A Cosmic Game Board, An Indian Soul, When India’s visionary architect Bijoy Jain stepped into Paris’s Centre Pompidou courtyard, he didn’t merely design a runway he reimagined the city’s piazza as a sprawling, elemental mandala inspired by the ancient Indian game Snakes and Ladders, known historically as Moksha Patam.
At 2,700 m², this human-scale board wasn’t just decor it was philosophy underfoot. Five luminous serpents in turquoise, green, amber, and clay‐red twist across earthen boards, carved in wood and coated in raw clay pigments, acting as living veins of chance, fall, elevation, and redemption. For Jain, the snakes represent pitfalls, the ladders promise ascent together forming a cosmic diagram, guiding steps, decisions, fortunes.
Architect’s Artistic Alchemy
Jain’s Studio Mumbai is famed for minimalist, tactile work rooted in Indian craftsmanship and elemental materials. Here’s how he transformed philosophy into spectacle:
- Material Truth: Wood, lime, clay pigment no glitter, no artifice just honest earthiness beneath city lights.
- Hand‑drawn Details: Five serpents crafted from lime and gesso with raw pigments each stroke deliberate, each snake a visual narrative .
- Cosmic Mandala Layout: The board is a game but also a mandala, a spiritual portal and walking across it becomes a human. ritual.
- Collaborative Spirit: Collaborated intimately with Pharrell Williams ensuring the set was both stage and story, space and spirit.

Pharrell’s Perspective: A Game of Life
Pharrell praised Jain’s artistry, calling the board a “living game” more than a versatile stage, it was a spiritual ecosystem pulsating with life, energy, and narrative intent. A fitting homage to India not a theme, but the creative engine, shaping music, motifs, and movement.
The music? A Punjabi‑Indian hybrid track designed with A.R. Rahman, echoing the serpent’s coils in rhythm. The trunks and accessories featured pan‑Asian motifs elephants, palm trees, crystal encrusted secrets that whispered of Mumbai bazaars and Jaipur courts.
India Takes Center Stage on the Global Runway
This was more than a set it was a full‑throated celebration of Indian talent and narrative. Bijoy Jain joins the pantheon of international architects for Vuitton think Gehry, Zaha Hadid confirming that Indian engineering and aesthetics can shape global fashion’s most daring moments.
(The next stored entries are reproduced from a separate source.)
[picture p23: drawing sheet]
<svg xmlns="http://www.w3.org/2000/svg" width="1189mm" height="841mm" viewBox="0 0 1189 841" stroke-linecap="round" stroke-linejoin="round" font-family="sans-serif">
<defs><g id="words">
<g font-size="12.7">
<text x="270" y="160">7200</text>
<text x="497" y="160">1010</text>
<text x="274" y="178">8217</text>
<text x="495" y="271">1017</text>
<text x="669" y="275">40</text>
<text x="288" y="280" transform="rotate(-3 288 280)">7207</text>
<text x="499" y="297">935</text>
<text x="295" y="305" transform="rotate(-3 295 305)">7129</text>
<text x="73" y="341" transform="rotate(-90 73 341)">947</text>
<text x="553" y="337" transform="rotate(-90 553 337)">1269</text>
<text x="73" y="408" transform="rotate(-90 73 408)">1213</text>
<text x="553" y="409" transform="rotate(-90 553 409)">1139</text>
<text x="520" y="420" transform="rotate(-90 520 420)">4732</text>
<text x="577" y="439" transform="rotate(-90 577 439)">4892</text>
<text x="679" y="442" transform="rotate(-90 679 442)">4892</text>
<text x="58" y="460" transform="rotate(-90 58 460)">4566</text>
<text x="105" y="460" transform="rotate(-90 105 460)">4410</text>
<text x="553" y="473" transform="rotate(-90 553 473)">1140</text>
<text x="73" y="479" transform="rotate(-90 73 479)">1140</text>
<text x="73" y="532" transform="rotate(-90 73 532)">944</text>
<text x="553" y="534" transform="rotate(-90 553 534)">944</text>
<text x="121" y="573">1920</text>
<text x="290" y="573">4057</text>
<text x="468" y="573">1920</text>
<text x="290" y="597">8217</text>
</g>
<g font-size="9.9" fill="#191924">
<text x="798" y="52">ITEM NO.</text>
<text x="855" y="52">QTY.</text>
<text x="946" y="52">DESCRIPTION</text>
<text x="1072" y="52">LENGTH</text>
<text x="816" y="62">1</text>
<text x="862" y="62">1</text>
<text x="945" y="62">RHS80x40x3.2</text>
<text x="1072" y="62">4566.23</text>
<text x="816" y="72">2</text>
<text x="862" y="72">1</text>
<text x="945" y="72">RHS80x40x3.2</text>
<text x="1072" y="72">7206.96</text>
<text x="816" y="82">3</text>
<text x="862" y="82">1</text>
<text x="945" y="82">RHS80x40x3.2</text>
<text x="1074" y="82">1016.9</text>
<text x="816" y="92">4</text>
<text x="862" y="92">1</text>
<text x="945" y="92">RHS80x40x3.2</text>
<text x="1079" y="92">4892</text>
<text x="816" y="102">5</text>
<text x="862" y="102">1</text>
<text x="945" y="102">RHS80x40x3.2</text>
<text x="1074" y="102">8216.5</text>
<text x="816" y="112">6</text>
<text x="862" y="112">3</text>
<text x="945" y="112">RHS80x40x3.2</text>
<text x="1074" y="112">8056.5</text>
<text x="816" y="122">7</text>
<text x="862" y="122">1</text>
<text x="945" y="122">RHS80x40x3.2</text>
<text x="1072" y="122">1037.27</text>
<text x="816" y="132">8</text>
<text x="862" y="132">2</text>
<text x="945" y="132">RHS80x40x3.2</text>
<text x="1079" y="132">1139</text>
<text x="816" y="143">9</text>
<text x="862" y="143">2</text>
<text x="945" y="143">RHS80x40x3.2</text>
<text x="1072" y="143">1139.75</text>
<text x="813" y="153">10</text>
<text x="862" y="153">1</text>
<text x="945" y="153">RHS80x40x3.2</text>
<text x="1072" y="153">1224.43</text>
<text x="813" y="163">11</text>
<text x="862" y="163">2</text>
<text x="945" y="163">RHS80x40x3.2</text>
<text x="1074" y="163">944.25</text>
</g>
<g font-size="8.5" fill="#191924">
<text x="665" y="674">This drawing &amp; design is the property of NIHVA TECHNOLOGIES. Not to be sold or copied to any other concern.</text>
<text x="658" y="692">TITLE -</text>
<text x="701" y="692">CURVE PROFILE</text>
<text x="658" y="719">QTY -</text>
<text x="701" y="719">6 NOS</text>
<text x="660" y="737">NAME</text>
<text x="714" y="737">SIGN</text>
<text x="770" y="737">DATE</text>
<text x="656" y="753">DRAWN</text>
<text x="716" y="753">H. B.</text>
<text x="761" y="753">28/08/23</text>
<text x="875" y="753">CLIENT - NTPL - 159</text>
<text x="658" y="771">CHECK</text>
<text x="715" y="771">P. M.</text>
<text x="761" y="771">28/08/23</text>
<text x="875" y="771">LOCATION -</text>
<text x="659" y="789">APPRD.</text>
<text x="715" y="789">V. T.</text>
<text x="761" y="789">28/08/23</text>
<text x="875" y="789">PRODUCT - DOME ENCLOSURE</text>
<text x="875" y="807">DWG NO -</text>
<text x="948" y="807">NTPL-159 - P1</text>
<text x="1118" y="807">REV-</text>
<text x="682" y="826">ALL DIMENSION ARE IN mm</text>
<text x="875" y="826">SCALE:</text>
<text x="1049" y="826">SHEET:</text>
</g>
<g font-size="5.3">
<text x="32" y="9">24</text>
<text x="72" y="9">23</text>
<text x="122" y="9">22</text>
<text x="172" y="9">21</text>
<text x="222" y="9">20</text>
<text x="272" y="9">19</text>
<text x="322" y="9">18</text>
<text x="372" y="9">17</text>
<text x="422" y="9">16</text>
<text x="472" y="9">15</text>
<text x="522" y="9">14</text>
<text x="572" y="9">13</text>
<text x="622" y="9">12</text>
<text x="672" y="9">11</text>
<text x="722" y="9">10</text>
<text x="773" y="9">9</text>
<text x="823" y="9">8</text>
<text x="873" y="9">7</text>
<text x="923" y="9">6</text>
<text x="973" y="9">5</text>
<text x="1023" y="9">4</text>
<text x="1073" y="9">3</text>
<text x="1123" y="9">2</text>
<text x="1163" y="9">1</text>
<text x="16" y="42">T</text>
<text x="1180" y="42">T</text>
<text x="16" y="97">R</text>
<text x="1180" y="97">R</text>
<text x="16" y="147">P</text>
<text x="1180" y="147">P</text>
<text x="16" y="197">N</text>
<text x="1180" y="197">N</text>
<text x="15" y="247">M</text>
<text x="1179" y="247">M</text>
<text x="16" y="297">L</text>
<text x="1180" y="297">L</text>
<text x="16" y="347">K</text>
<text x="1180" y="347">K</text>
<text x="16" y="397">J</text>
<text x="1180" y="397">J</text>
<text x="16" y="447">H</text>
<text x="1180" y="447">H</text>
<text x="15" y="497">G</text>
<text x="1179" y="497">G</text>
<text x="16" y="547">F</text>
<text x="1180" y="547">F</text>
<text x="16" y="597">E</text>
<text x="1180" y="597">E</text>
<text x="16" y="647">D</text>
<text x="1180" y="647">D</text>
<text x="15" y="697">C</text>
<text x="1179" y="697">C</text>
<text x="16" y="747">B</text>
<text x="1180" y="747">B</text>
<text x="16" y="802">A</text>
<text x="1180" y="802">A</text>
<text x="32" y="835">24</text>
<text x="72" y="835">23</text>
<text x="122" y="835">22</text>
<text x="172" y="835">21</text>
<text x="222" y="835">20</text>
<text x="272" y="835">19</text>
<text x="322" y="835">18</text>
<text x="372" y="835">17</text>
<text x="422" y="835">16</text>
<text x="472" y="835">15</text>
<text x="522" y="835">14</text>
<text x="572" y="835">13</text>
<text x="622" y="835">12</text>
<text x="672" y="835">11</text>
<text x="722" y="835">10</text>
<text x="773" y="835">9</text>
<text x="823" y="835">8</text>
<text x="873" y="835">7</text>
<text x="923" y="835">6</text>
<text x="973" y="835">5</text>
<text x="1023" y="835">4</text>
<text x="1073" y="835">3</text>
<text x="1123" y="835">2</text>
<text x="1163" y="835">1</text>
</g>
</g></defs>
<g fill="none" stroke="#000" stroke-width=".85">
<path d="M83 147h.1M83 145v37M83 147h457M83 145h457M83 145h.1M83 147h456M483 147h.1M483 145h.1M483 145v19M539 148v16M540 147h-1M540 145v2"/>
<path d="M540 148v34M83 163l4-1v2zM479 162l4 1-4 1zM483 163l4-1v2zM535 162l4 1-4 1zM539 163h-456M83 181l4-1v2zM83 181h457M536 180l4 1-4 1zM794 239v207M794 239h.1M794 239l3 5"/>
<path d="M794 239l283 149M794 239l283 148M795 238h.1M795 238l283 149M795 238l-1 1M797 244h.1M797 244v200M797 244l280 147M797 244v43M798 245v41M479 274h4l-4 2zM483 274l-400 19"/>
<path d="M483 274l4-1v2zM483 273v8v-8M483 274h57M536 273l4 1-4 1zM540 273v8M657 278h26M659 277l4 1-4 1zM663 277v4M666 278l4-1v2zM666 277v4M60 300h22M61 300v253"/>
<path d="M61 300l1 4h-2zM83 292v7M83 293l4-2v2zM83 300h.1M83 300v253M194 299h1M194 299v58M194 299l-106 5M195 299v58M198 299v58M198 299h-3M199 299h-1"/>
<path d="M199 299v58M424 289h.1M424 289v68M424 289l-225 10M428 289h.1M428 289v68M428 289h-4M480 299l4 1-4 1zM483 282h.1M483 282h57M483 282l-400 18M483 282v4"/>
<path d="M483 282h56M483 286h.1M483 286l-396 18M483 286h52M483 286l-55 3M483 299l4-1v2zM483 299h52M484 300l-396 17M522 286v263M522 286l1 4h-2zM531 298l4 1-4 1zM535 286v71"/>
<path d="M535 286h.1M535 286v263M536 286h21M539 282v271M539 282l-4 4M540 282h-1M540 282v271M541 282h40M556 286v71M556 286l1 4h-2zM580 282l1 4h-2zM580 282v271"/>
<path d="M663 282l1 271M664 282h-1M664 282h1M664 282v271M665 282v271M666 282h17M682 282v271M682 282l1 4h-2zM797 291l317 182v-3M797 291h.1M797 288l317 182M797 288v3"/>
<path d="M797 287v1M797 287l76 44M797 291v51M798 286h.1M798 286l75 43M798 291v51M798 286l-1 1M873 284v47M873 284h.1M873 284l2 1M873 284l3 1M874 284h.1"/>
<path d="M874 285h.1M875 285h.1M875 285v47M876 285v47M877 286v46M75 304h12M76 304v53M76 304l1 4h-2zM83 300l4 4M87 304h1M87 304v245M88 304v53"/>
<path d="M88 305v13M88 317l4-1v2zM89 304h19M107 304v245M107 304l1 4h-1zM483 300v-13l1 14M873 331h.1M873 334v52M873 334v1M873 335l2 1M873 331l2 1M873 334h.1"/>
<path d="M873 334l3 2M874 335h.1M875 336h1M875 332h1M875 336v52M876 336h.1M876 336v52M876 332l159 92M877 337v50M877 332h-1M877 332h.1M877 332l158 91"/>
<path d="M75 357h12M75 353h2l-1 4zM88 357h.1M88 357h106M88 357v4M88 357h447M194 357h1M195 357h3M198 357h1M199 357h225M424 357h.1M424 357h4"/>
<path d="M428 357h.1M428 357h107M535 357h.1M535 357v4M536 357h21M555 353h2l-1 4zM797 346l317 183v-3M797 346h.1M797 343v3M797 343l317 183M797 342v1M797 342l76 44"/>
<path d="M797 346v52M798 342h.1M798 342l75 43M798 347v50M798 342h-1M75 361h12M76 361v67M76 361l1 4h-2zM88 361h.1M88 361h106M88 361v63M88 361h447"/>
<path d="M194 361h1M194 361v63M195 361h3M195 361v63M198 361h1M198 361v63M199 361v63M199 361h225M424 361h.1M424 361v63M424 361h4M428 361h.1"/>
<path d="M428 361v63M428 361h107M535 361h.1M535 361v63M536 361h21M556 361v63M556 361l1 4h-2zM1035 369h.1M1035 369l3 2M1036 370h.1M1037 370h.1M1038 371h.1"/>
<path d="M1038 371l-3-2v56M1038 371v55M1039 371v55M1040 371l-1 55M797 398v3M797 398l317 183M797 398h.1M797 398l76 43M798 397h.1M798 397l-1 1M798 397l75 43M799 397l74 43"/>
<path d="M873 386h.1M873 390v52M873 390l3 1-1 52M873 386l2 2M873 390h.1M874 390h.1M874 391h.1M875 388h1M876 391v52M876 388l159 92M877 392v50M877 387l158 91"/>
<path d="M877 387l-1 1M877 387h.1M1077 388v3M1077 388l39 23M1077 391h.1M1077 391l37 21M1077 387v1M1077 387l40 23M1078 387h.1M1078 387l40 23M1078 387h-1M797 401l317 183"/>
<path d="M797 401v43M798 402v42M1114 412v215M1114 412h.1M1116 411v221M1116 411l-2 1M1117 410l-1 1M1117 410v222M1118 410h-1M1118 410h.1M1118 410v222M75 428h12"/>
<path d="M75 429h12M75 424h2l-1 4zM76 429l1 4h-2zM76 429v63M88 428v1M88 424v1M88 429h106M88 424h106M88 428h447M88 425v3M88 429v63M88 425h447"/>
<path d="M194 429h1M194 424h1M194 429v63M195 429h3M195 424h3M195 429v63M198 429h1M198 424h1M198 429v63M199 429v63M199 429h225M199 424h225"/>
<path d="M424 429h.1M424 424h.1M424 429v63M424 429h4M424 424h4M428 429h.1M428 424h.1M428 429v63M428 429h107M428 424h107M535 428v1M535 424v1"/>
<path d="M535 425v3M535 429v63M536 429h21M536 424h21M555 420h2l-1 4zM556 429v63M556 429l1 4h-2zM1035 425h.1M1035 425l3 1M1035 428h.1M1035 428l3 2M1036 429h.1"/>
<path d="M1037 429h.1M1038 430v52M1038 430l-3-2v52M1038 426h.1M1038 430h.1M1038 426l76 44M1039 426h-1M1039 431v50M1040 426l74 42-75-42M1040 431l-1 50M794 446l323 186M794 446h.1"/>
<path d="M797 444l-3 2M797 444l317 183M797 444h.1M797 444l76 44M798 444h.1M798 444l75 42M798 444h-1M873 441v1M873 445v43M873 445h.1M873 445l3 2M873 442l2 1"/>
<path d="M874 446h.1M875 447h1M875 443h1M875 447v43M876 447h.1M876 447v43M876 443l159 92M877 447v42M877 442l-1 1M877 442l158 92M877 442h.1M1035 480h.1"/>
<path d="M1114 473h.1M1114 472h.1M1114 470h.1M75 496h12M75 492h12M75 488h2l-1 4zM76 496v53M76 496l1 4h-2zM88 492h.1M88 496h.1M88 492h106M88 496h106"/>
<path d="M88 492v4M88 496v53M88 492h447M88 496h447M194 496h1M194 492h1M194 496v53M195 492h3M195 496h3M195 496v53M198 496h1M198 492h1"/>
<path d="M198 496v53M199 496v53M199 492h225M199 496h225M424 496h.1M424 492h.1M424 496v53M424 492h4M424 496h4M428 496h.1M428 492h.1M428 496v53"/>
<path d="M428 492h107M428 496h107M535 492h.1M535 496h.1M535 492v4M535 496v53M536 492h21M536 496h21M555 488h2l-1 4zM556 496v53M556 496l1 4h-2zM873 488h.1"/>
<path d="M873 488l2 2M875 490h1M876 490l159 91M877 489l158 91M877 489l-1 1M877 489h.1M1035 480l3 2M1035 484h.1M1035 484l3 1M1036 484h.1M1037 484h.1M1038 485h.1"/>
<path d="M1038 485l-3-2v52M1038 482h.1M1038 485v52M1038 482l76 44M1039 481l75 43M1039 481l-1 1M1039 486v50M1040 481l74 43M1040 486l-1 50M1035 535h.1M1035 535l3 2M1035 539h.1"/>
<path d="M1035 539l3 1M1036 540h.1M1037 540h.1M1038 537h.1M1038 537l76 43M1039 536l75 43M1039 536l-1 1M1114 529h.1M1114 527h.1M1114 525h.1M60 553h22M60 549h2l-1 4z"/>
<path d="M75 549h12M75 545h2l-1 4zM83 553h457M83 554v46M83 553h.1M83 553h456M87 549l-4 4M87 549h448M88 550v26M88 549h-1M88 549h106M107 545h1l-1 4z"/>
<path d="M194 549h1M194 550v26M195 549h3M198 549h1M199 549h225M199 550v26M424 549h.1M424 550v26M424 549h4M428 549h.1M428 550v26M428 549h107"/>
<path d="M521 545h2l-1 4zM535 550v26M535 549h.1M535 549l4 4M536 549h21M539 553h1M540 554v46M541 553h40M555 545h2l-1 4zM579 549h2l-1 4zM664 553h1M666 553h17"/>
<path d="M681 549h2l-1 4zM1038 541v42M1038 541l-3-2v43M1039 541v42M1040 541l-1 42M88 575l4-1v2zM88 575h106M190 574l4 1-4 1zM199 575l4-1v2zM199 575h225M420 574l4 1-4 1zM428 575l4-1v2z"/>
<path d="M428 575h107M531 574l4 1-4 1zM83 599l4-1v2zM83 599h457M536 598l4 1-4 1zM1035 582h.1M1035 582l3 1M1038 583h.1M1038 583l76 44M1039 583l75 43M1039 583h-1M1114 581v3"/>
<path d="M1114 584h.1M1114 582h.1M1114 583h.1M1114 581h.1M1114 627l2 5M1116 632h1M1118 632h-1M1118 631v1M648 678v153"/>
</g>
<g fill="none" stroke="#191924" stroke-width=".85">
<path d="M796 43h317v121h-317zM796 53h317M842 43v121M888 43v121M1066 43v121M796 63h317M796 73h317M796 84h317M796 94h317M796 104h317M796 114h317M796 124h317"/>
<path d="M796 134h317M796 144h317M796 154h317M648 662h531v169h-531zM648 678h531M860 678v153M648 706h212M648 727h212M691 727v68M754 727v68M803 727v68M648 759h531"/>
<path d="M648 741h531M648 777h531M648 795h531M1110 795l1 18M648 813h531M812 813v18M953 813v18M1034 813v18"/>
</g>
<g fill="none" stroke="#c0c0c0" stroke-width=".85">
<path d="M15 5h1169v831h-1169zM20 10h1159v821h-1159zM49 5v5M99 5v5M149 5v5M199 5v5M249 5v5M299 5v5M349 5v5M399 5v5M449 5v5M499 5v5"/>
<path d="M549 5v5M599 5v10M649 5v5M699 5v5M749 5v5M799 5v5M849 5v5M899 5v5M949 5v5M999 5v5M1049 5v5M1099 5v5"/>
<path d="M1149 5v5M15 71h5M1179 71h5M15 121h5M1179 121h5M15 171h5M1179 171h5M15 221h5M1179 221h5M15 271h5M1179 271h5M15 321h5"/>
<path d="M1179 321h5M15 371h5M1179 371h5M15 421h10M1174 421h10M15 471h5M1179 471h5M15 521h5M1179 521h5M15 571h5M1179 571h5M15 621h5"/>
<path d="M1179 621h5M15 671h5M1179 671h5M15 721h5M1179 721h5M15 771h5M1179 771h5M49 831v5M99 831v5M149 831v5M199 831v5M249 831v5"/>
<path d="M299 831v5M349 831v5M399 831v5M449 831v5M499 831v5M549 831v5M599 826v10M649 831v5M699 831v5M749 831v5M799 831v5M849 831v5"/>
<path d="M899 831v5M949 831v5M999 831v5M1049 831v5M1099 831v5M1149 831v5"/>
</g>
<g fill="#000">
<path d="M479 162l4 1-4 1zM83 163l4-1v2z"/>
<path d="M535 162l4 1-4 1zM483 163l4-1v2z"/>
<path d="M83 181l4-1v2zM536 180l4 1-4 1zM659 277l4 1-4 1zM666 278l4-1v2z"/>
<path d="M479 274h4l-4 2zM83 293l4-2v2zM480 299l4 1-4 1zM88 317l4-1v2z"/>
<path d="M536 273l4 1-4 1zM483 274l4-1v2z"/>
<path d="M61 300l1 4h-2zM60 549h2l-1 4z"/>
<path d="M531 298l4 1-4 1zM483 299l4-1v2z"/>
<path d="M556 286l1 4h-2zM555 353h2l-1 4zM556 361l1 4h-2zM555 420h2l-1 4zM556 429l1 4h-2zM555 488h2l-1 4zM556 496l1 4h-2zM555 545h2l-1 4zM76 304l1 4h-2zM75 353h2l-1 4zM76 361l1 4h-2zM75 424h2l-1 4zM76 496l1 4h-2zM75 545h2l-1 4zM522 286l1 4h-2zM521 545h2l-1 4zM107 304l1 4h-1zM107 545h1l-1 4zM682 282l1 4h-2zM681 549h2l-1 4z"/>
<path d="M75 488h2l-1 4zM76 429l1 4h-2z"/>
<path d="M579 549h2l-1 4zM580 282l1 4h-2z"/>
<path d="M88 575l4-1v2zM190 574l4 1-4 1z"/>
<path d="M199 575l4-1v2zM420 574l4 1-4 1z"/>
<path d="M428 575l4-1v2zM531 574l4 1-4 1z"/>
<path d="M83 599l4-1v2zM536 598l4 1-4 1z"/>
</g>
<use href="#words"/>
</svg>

Designers, creatives, and diasporic audiences alike are cheering this wasn’t tokenism it was authentic storytelling. As Vogue Arabia puts it, this was travel as philosophy, a rooted yet fluid dialogue between place and possibility
Why It Matters: Art, Identity, Impact
This isn’t just show business it’s cultural architecture:
- Storytelling Through Space: Drawing guests into a journey, not just a show models, spectators, VIPs stepped onto the board and into India’s narrative.
- Creative Fusion: Architecture, music, fashion, craft melded into a 360‑degree sensory canvas.
- Soft‑Power & Representation: Indian architects and artisans are redefining luxury world’s aesthetics and telling global audiences that our stories matter.
What’s Next: India’s Global Ascent
As Jain’s serpentine stage dazzles under Pompidou lights, this moment reframes India on the world’s creative map. It isn’t a one‑off; it’s a statement: India’s design DNA ancient, spiritual, skilled is ready for its spotlight.
What Bijoy Jain built at Vuitton wasn’t a runway it was a philosophical playing field, where art, chance, ascent, and culture converge. It showed the world that Indian talent doesn’t just contribute it leads. After all, the ladder up truths begins with stepping off the board and owning your story.